Trying to arrange care for her is hard. None of the local 'homes' have openings for the two of them, and so they continue at home. They have care coming in 3 times a week, but it is not nearly enough. The family stuffs the refrigerator with food, but she doesn't remember that she has it. It's really not a good situation right now. 

The daughter had to go back home, and was concerned about her mom on her own. Her brother was coming in but had not yet arrived. I volunteered to go down to fill the interim. "I'll take her out for supper," I said. I thought that it would be a nice distraction for her. I thought a little drive would do her good. It was a beautiful day but cold. 

She was delighted to see me, although she had no idea who I was. I explained several times during the course of the afternoon. and saw the comprehension dawning.  An hour later, I'd be fielding the same questions and once again, watching her understanding come yet again. 

So, it was an interesting but not unpleasant afternoon. I listened to her stories of days gone by, and she really is a funny, funny lady. Her humor is something that dementia has not taken from her. I told a few funny stories of my own, and we had a lot of laughs. 

It was getting towards supper time, and (not knowing about the stuffed fridge), I said, "Hey. Would you like to go out to eat?" 

She worried that someone might be coming to pick her up to take her to Erie. They weren't, but I assured her that they could reach my cell if they did.

I let her pick the place and was a bit surprised when she named a local bar. I'd never been, but she assured me that they had all kinds of sandwiches there. It was out of my comfort zone: one woman with dementia in a bar I did not know, but it was me that put the question to her. 

We pulled into the gravel parking lot. It's quite a jampacked place on Friday and Saturday nights, but we got there a couple hours before the place got hopping. I quietly explained the situation to the woman behind the bar, and she led us to a table where my friend could see all, underneath the taxidermied head of a buck smoking a cigarette. 

While we waited for our burgers, she suddenly got up and set off.

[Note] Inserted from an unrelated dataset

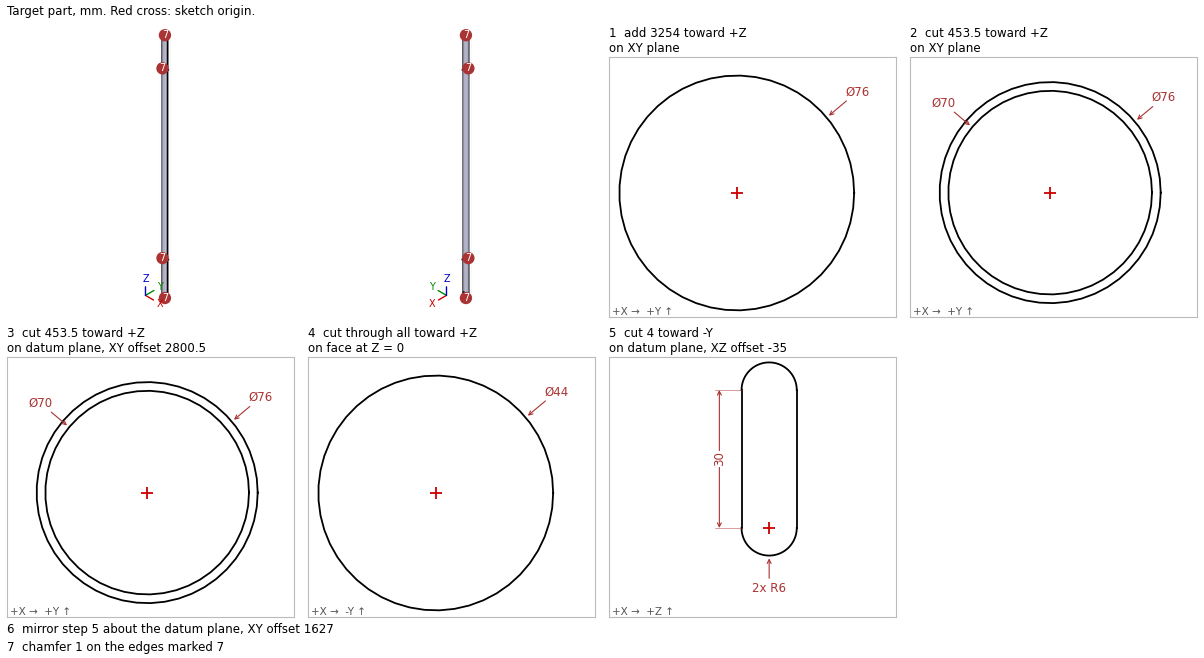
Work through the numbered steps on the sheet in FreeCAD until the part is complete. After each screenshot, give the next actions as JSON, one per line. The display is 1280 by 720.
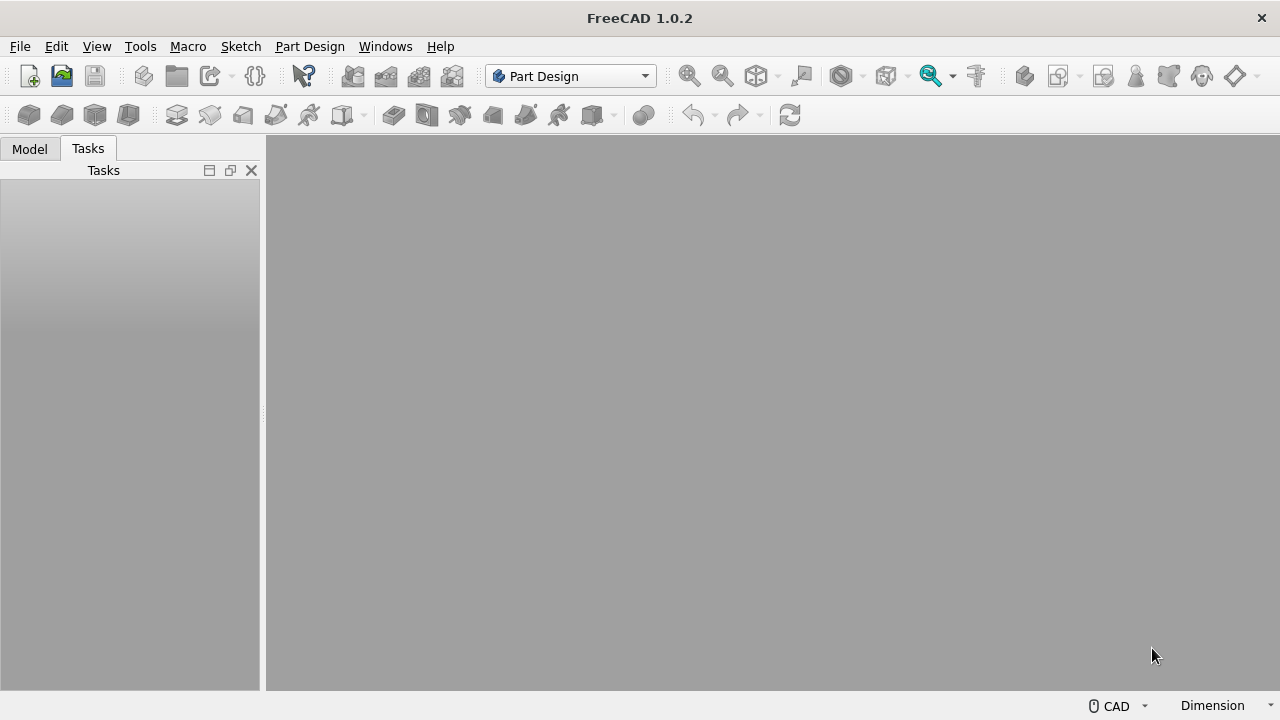
{"action": "left_click", "coordinate": [29, 76]}

I was a bit concerned, but she crossed the building past the bar and headed for the bathroom like she knew exactly what she was doing. 

As I kept an eye in her general direction, my sister texted to make sure we were doing okay. "Yes" I answered, and, just for giggles added, "She's halfway through her first beer." 

My friend returned to the table, and I told her what I had just texted Anna, and she laughed merrily, and then she said. "There's a man at the bar with very long hair. I couldn't resist. I grabbed his pony tail and pulled his hair." And she laughed and laughed. 

Cue Lynyrd Skynrd



At about the same time, my sister messaged back "SHE DOESN'T DRINK!!!!!"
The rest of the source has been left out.